Klarman Cell Observatory, Broad Institute of MIT and Harvard, Cambridge, MA, USA.
Gene Center and Department of Biochemistry, Ludwig-Maximilians-University Munich, Munich, Germany.
Nat Biotechnol. 2023 Oct;41(10):1465-1473. doi: 10.1038/s41587-023-01657-3. Epub 2023 Feb 16.
Transferring annotations of single-cell-, spatial- and multi-omics data is often challenging owing both to technical limitations, such as low spatial resolution or high dropout fraction, and to biological variations, such as continuous spectra of cell states. Based on the concept that these data are often best described as continuous mixtures of cells or molecules, we present a computational framework for the transfer of annotations to cells and their combinations (TACCO), which consists of an optimal transport model extended with different wrappers to annotate a wide variety of data. We apply TACCO to identify cell types and states, decipher spatiomolecular tissue structure at the cell and molecular level and resolve differentiation trajectories using synthetic and biological datasets. While matching or exceeding the accuracy of specialized tools for the individual tasks, TACCO reduces the computational requirements by up to an order of magnitude and scales to larger datasets (for example, considering the runtime of annotation transfer for 1 M simulated dropout observations).

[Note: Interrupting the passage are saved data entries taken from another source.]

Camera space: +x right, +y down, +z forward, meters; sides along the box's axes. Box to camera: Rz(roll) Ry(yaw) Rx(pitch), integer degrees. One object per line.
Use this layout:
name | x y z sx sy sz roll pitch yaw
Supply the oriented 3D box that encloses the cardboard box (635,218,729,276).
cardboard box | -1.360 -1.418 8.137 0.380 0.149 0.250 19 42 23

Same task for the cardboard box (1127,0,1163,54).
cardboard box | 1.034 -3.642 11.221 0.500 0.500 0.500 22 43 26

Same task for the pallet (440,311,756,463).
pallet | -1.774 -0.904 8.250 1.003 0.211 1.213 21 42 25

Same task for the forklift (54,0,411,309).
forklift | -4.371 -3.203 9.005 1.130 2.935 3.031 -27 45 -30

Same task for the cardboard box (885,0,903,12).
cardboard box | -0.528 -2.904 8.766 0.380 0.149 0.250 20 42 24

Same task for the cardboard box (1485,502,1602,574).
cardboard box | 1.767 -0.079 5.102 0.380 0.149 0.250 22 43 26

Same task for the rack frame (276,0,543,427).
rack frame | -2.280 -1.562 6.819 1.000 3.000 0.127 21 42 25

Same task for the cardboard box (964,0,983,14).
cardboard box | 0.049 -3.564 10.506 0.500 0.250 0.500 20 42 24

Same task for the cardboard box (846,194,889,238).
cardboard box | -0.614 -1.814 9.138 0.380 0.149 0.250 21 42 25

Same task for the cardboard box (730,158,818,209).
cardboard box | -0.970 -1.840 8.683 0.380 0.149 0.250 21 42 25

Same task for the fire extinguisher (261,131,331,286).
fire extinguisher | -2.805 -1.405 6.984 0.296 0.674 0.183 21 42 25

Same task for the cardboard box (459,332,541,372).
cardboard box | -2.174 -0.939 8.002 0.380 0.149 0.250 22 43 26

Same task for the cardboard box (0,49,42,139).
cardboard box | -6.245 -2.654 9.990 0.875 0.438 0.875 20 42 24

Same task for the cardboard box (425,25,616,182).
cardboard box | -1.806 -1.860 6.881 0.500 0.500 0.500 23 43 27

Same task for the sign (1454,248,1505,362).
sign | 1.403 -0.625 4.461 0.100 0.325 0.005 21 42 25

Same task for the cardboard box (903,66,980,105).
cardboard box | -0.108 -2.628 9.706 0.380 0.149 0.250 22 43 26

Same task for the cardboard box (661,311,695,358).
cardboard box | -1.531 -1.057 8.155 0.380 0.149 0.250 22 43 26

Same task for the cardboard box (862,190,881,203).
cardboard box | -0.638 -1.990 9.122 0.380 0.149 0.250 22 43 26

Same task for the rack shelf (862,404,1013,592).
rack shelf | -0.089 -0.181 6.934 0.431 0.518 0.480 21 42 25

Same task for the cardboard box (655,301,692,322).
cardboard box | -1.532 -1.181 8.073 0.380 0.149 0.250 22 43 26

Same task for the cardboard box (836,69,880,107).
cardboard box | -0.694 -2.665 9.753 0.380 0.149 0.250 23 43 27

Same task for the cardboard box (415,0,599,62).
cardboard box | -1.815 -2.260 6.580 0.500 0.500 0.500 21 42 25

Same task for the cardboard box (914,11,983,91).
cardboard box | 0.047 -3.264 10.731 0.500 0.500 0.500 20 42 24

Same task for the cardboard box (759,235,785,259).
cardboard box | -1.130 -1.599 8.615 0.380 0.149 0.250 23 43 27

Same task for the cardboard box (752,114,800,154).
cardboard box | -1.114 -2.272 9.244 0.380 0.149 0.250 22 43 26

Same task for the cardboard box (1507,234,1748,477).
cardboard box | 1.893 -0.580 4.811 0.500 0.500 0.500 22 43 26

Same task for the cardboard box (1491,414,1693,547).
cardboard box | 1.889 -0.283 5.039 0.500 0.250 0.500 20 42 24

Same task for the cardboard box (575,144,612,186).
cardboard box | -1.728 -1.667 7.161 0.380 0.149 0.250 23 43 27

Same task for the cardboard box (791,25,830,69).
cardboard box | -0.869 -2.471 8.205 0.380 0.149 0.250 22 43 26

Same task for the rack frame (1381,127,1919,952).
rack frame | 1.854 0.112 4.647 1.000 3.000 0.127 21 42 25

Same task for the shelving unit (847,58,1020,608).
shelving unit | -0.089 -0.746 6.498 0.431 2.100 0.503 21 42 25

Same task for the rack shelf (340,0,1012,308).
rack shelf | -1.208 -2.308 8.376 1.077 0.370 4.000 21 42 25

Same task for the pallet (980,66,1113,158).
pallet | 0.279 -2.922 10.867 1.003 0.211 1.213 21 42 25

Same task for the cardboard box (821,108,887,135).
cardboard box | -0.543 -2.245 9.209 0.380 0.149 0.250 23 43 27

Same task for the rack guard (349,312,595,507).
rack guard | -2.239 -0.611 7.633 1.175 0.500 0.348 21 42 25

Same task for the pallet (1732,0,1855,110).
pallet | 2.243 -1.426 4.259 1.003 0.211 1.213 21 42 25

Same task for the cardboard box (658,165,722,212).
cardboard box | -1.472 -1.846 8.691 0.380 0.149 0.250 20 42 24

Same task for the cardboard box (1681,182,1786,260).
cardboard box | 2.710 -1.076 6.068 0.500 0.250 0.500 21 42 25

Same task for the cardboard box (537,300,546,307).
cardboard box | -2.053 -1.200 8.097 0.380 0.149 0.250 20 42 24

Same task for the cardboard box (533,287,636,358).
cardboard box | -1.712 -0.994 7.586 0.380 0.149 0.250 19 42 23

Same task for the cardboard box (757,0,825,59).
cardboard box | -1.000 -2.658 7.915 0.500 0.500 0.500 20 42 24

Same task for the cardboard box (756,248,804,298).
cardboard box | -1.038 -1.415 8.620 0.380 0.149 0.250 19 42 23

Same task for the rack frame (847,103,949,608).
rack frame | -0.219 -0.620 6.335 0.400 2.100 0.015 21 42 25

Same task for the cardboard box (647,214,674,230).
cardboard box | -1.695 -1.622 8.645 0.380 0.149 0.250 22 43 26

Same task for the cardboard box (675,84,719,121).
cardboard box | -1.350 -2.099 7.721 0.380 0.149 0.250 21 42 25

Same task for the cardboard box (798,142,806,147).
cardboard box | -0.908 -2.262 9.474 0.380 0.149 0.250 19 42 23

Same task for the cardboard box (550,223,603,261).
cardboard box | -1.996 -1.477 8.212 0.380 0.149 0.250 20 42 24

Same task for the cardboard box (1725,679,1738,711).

由于技术限制,如低空间分辨率或高缺失率,以及生物变异,如细胞状态的连续谱,单细胞、空间和多组学数据的注释转移通常具有挑战性。基于这些数据通常最好被描述为细胞或分子的连续混合物的概念,我们提出了一种用于将注释转移到细胞及其组合的计算框架(TACCO),它由一个扩展了不同包装器的最优传输模型组成,用于注释各种数据。我们应用 TACCO 来识别细胞类型和状态,在细胞和分子水平上破译空间分子组织结构,并使用合成和生物学数据集解决分化轨迹。虽然 TACCO 在匹配或超过各个任务的专用工具的准确性方面表现出色,但它通过减少多达一个数量级的计算要求并扩展到更大的数据集(例如,考虑对 100 万模拟缺失观测值进行注释转移的运行时)来实现这一点。